본문 바로가기

2022.01./코딩 수업

01.26 softmax(확률), 추론(배치처리), 손실함수

[0] 신경망
p90
1. 출력층 설계하기
1)softmax

(1)e^a/ sum(e^a)

A = np.array([1.5,2,2.2])           #아주 적은 차이의 리스트를 만들어본다.
exp_A = np.exp(A)                   #자연상수의 a승
print(exp_A)            
sum_exp_A = np.sum(exp_A)           #자연상수 a승의 전체 합 
Y = exp_A/sum_exp_A                 #전체 합으로 자연상수의 a승을 하나하나 나누어준다
print(Y)                            #셋을 합하면 1이 나온다.

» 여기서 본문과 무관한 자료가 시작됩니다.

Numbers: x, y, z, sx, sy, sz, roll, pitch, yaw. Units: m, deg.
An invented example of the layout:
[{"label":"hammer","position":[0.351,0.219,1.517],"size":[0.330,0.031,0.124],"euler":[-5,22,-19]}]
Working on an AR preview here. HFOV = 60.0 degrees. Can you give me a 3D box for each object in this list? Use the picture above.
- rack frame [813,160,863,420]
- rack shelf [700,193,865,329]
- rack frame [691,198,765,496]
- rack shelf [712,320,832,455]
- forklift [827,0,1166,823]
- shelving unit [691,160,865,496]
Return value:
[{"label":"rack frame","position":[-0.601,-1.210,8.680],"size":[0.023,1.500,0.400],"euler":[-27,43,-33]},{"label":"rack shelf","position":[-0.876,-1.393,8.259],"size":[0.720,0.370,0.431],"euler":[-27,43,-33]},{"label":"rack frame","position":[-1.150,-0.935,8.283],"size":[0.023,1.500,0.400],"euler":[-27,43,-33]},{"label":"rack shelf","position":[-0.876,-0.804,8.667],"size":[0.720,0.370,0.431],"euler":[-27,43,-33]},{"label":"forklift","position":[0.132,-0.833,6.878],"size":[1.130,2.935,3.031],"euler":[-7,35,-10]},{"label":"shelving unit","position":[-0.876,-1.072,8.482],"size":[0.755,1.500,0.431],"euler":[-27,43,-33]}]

globFunc에 def softmax로 작성.

(2)오버플로우 현상 해결하기.

자연상수^a/sum(자연상수^a) ==(자연상수-C)^a/sum((자연상수-C)^a) 같다는 원리를 로그함수를 이용해 배웠다.
그러니 숫자 너무 커지지 않게 애초에 e에서 입력한 array 중 max값을 미리 빼주면, 오버플로우 현상을 방지할 수 있다.

def softmax(A):
    MaxVal = np.max(A)                  #받은 어레이중 최대값을 구한다.
    exp_A = np.exp(A - MaxVal)          #어레이에서 그 최대값을 뺀 만큼을 e^a승 해준다.           
    sum_exp_A = np.sum(exp_A)           #e^a의 전체 합 
    Y = exp_A/sum_exp_A                 #전체 합으로 e^a를 하나하나 나누어준다
    return Y                            #셋을 합하면 1이 나온다.

(3) 특징
신경망 학습시킬때 사용하는 softmax 함수.
단조증가 함수이기 때문에, a<b면 f(a)<f(b). 결과만 분류할 때는 소프트맥스 함수 생략 가능하다.

2)mnist
학습->추론
0~255 흑백 이미지 데이터 이미 학습된 상태.


(1) 데이터셋

import sys,os
from mnist import load_mnist
(x_train,t_train),(x_test,t_test) = load_mnist(flatten=True,normalize=False)

print(x_train.shape)
print(t_train.shape)
print(x_test.shape)
print(x_test.shape)



(2) 추론처리

from mnist import load_mnist
import pickle
import numpy as np
import globalFunc as gf

def get_data():                                                             #데이터 셋
    (x_train, t_train), (x_test, t_test) = load_mnist(flatten=True, normalize=False,one_hot_label=False)    
    return x_test, t_test                                                   #이미 훈련된 가중치 활용, 훈련용 데이터 따로 필요 없다! x는 컴퓨터가, t는 사람이.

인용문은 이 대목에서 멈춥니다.